What the indices do not do
They capture non-US exposure partially, not fully. ABB (Swiss) and Schneider Electric (French) are in there now, which is an improvement over a year ago when the basket was essentially US-only. Legrand, Mitsubishi Electric (Japanese), and various Korean heavy-electrical names are still missing. Korean and Japanese power-equipment exposure is a real gap given how much equipment actually ships from Asia.
They do not capture private market exposure. The fastest-growing data center operators are private (CyrusOne, Stream, Aligned). The basket catches only the public sliver.
They do not capture credit. A growing share of the neocloud buildout is financed with GPU-collateralized debt. That is an equity index problem only in the sense that an equity index will tell you when the credit story breaks, probably violently and after a delay.

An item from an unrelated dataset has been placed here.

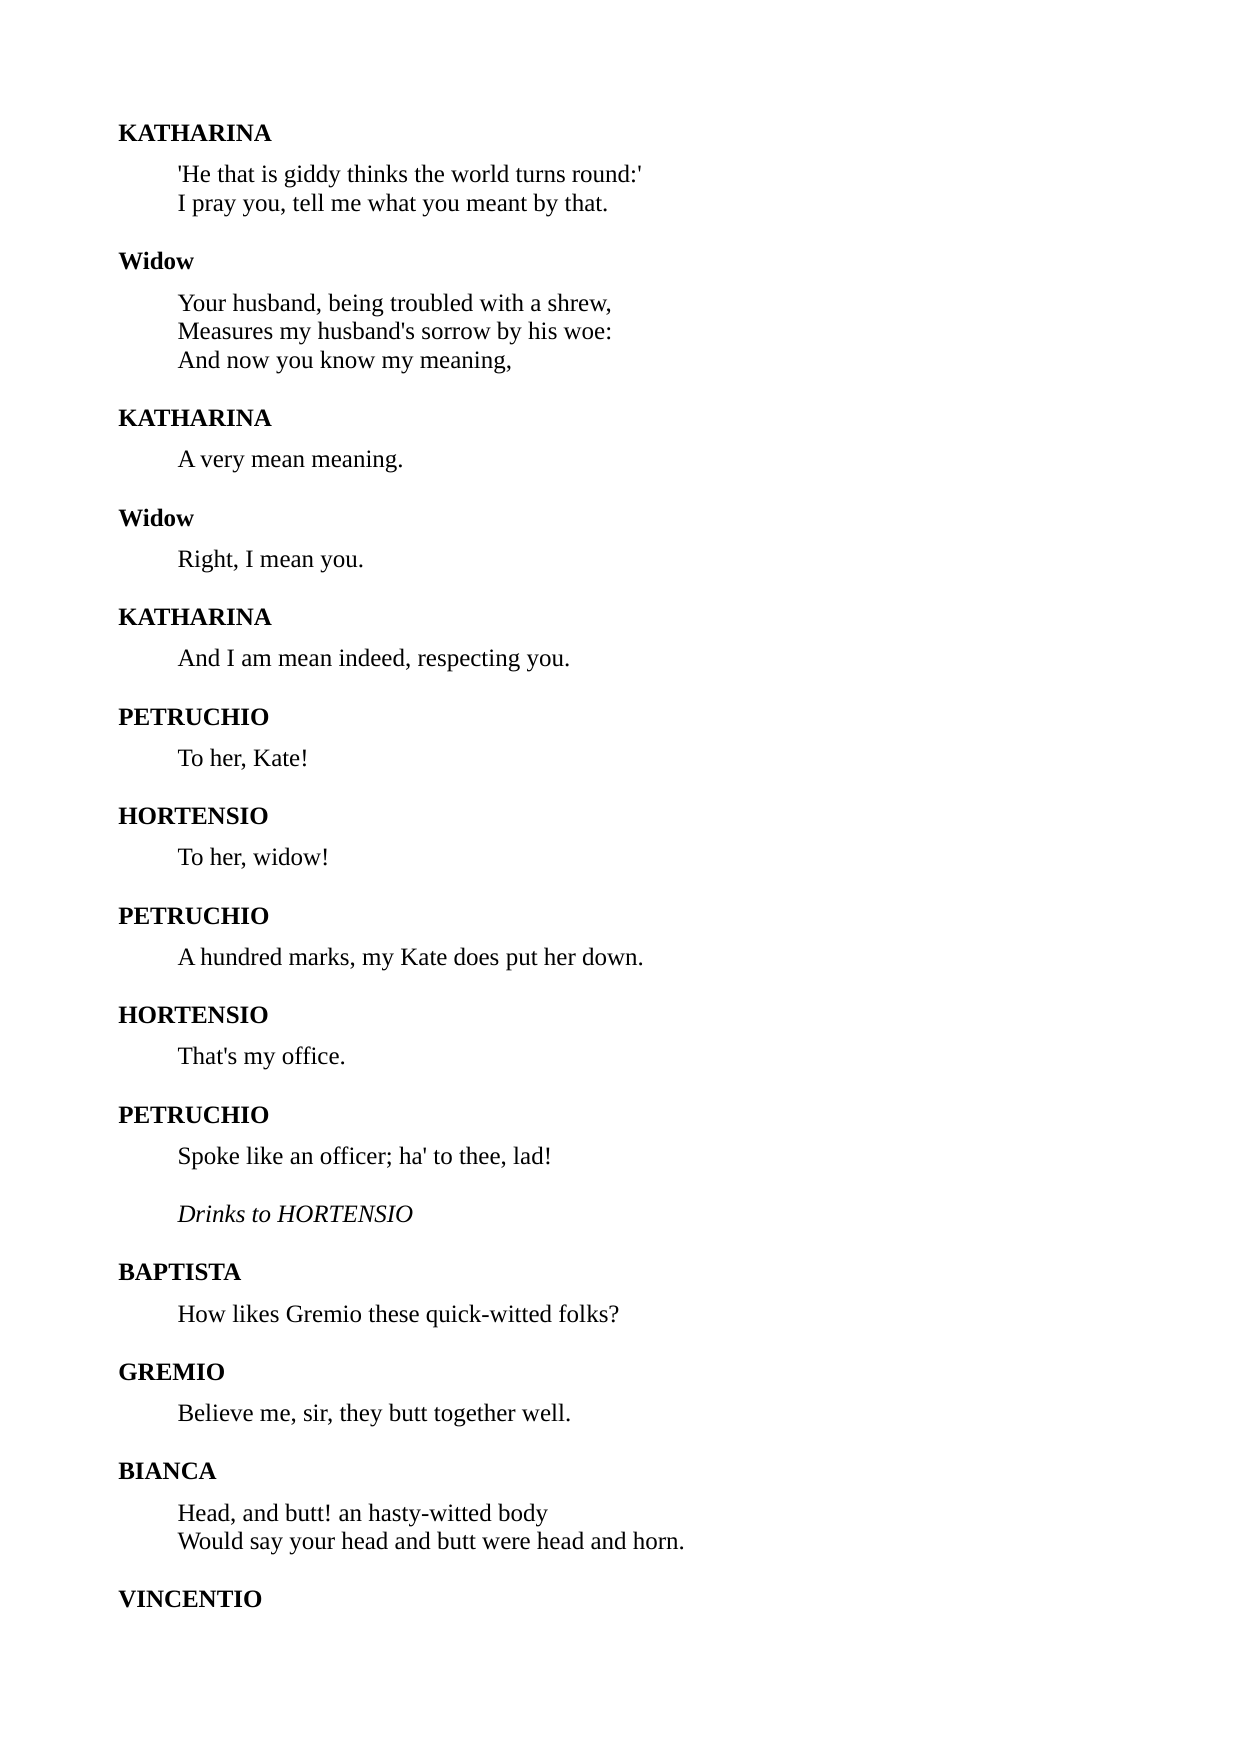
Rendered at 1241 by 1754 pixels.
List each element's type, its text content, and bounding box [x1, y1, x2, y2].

If any of those gaps close, the indices will update. Methodology is versioned and published.
How to use this site
DataCenterIndex is structured around these two indices. The dashboard shows live constituent performance for both. The insights explain what moved and why, with the kind of detail that a ticker page cannot. Each constituent has its own page showing capex, filings, price history, and the related insight coverage — start with Vertiv, Eaton, Constellation, or Bloom Energy if you want a feel for the format. The pipeline map shows every announced US data center project and the supply chain tracker shows commodity prices and equipment lead times.
The indices are the thesis. Everything else on the site is support.

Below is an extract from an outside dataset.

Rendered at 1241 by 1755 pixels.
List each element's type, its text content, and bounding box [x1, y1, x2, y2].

Frequently asked questions
Why two indices?
Because the spread between them is a signal. DCI-AI tells you whether the AI buildout is happening. DCI-SC tells you whether the suppliers are capturing the margin. Running both lets you see which.
Which one should I watch?
If you want one number that represents the AI buildout as a whole, DCI-AI. If you want to watch the picks-and-shovels trade specifically, DCI-SC. Most readers end up watching both and paying attention to the spread.

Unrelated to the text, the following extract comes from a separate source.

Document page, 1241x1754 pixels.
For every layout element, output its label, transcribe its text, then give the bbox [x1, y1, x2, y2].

How is the index calculated?
Daily equal-weighted average of constituent returns, compounded from a base of 100 on April 7, 2025. No market-cap weighting. No free float. No dividend reinvestment.
Can I buy the indices?
Not directly. No ETF currently tracks this specific methodology. The constituent lists are public; a sufficiently motivated reader can replicate them.
Why equal-weighted?
Because market-cap weighting in a concentrated market produces a basket that is dominated by the top two names. Equal weighting is the simplest corrective. It also lets the mid-caps, which are where the actual levered plays on data center capex live, carry real weight.
How are constituents chosen?
Three tests: meaningful data-center-related revenue (roughly 10% or more), publicly traded with adequate liquidity, and not in one of the excluded categories. Reviewed quarterly. The last review added Bloom Energy, Talen Energy, EMCOR, Modine, GE Vernova, nVent, Schneider Electric, Arista, and Super Micro.
How often does it update?
Constituent prices update at every market close. The daily return feeds into the index calculation the next business day. Constituent membership is reviewed quarterly.
Where is the raw data?
Index history is available via /api/basket-index?index=supply_chain and /api/basket-index?index=ai_leaders. The full constituent lists are at /api/dc-pulse-index/constituents.
Methodology current as of Q2 2026. Reviewed quarterly.